_REQUIRED WORK_
Among the lines below, take the one holding "Reply with a", the one holding "Assume a horizontal FOV of 60.0°.", and all lines between them. Set them down exactly.

_RECORD SET_
☆ ☆ ☆
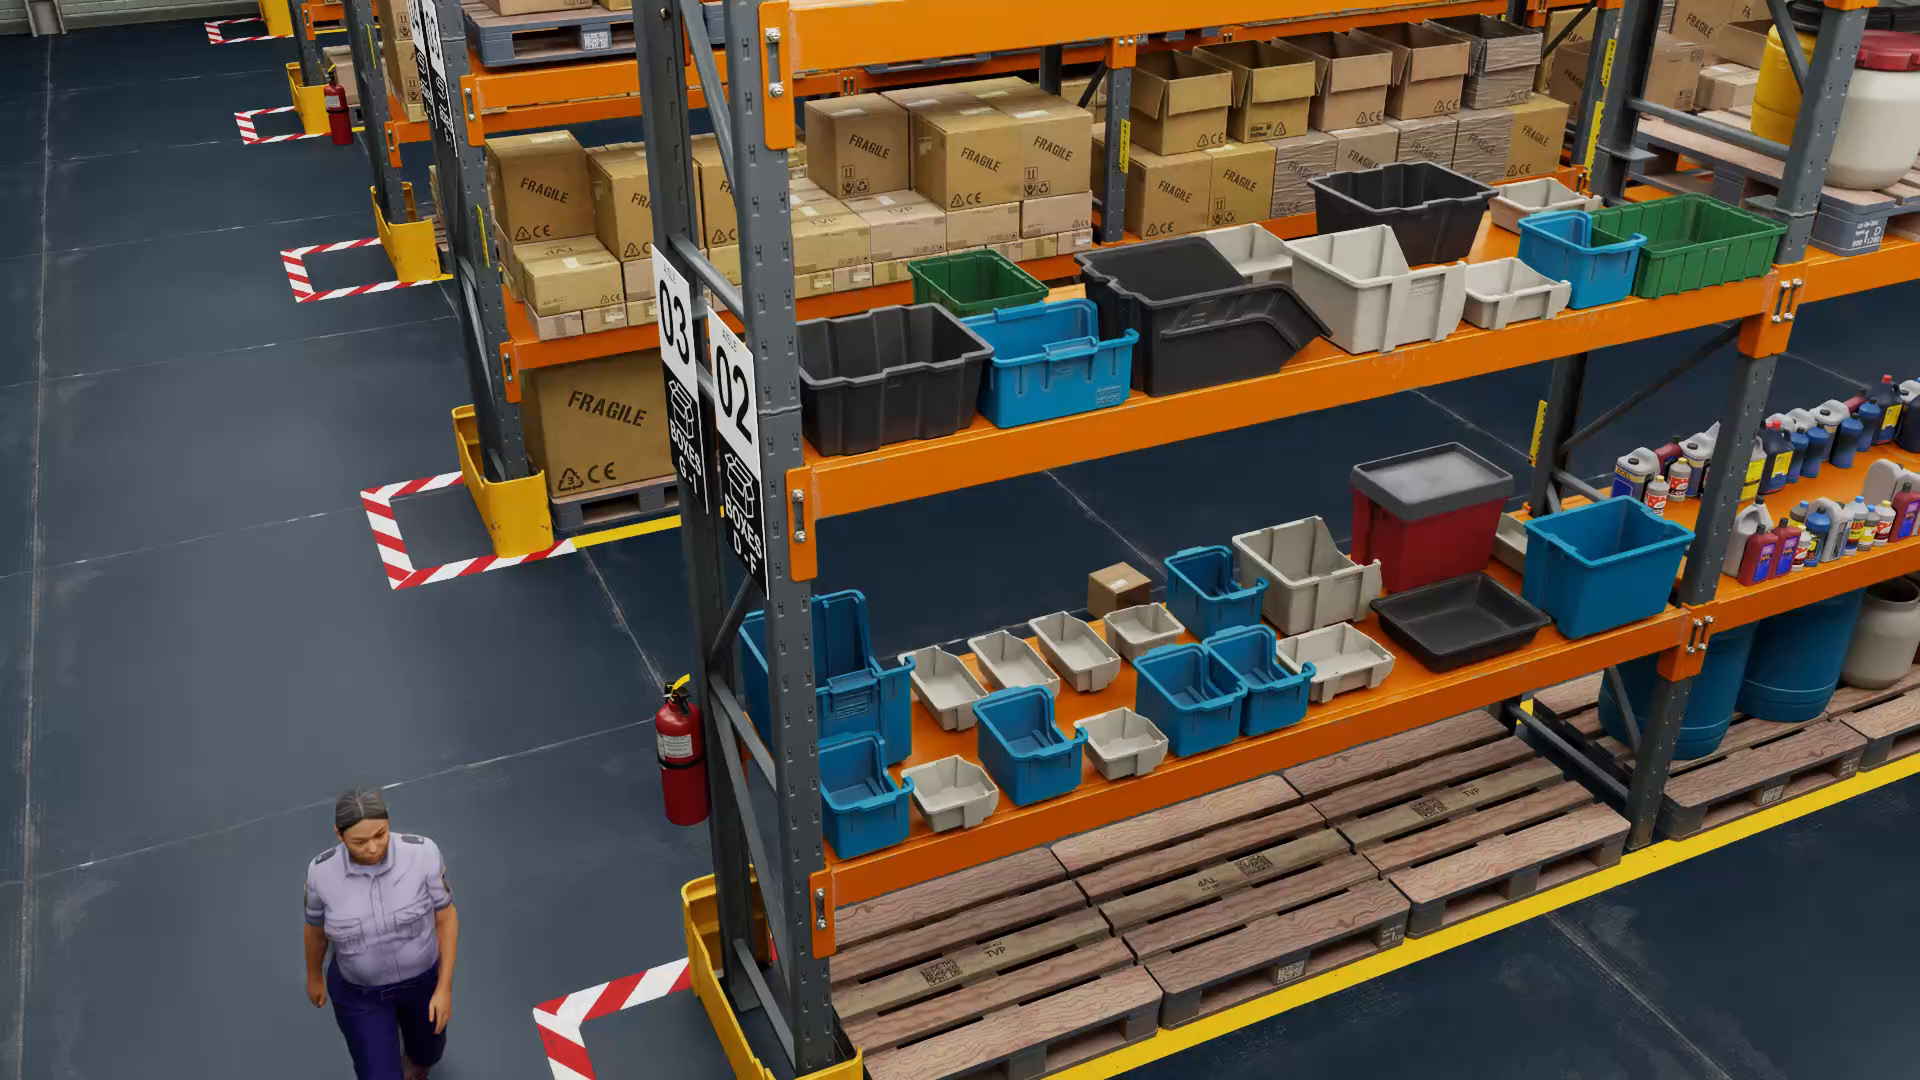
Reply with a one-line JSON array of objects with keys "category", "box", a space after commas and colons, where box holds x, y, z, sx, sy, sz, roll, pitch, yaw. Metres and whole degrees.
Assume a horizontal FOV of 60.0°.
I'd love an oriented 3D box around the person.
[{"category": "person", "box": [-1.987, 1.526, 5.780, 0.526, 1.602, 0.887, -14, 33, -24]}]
☆ ☆ ☆
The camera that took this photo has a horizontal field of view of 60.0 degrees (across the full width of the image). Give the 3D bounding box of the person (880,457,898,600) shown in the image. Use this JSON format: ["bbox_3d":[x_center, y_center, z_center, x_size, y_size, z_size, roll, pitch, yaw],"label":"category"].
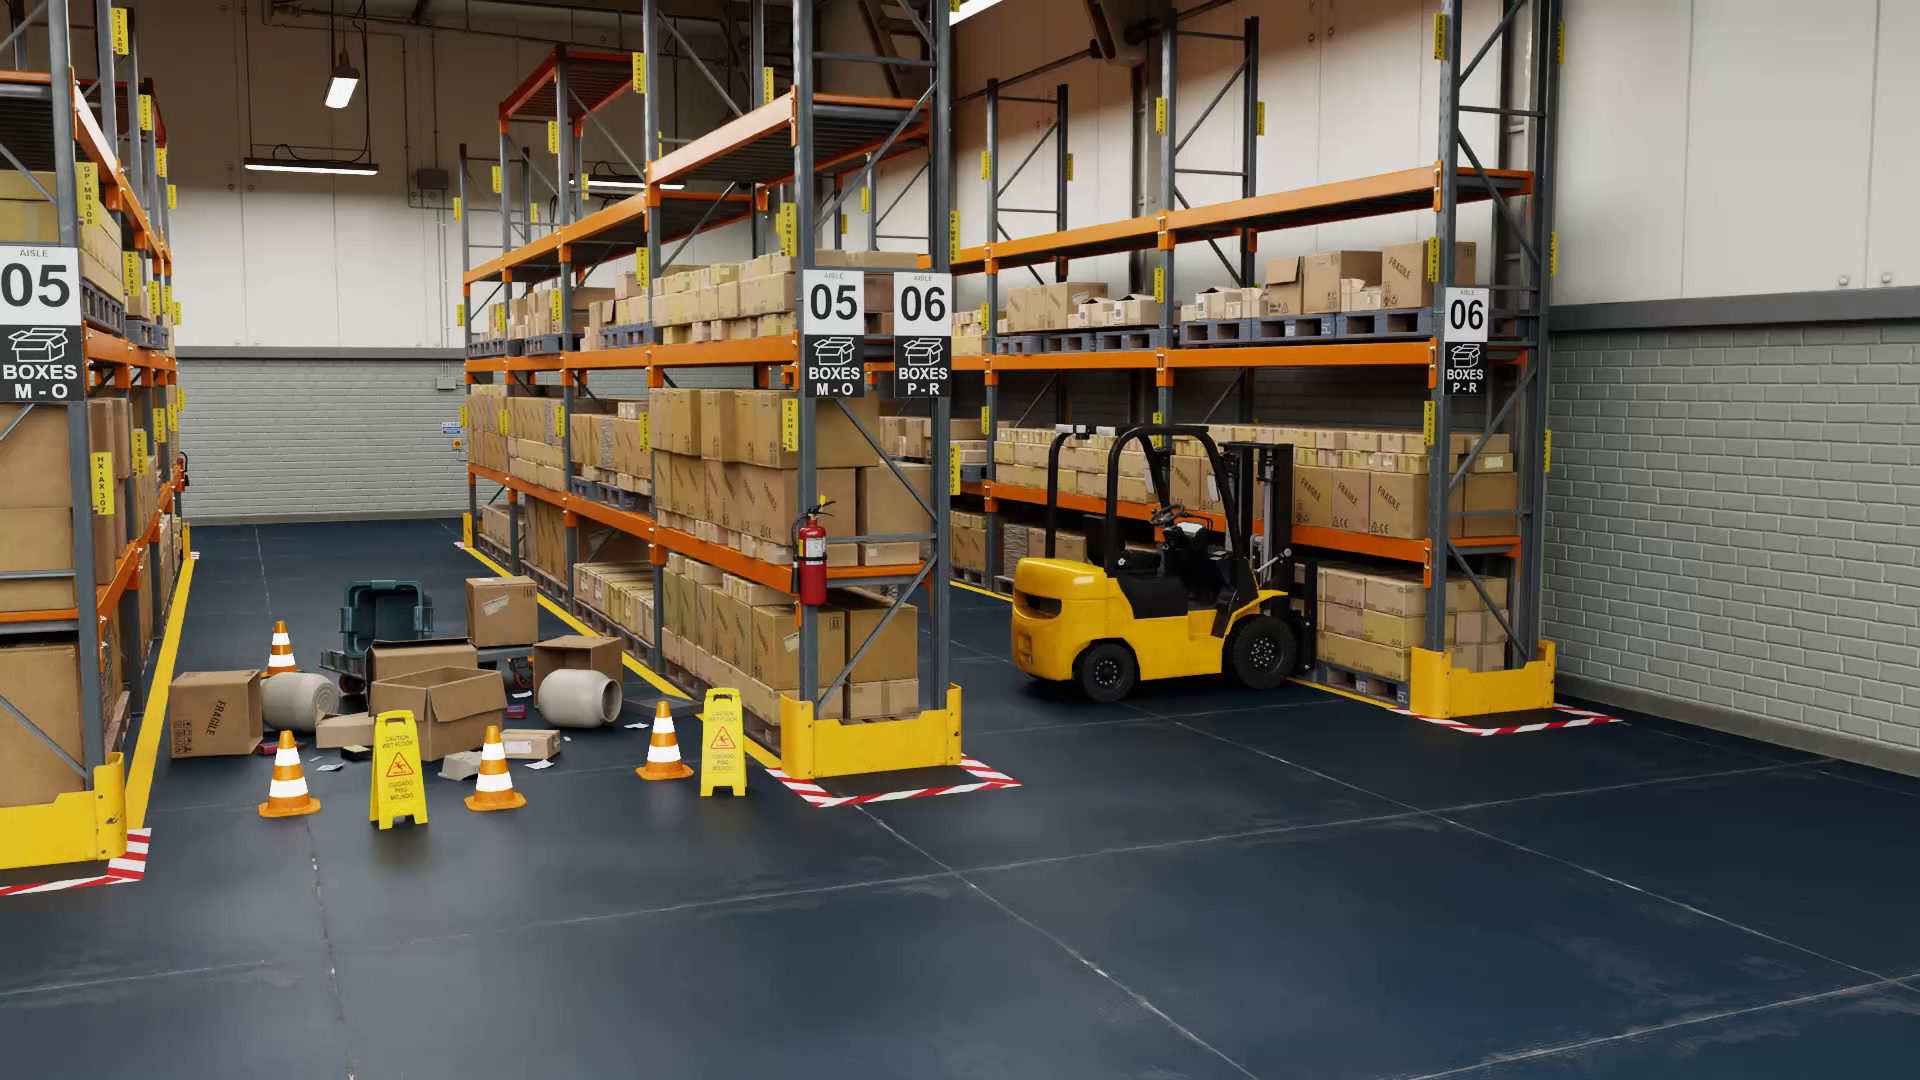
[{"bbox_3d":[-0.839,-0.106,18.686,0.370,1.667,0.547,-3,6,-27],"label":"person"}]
☆ ☆ ☆
_RESULT OF THE EXERCISE_
Reply with a one-line JSON array of objects with keys "category", "box", a space after commas and colons, where box holds x, y, z, sx, sy, sz, roll, pitch, yaw. Metres and whole degrees.
Assume a horizontal FOV of 60.0°.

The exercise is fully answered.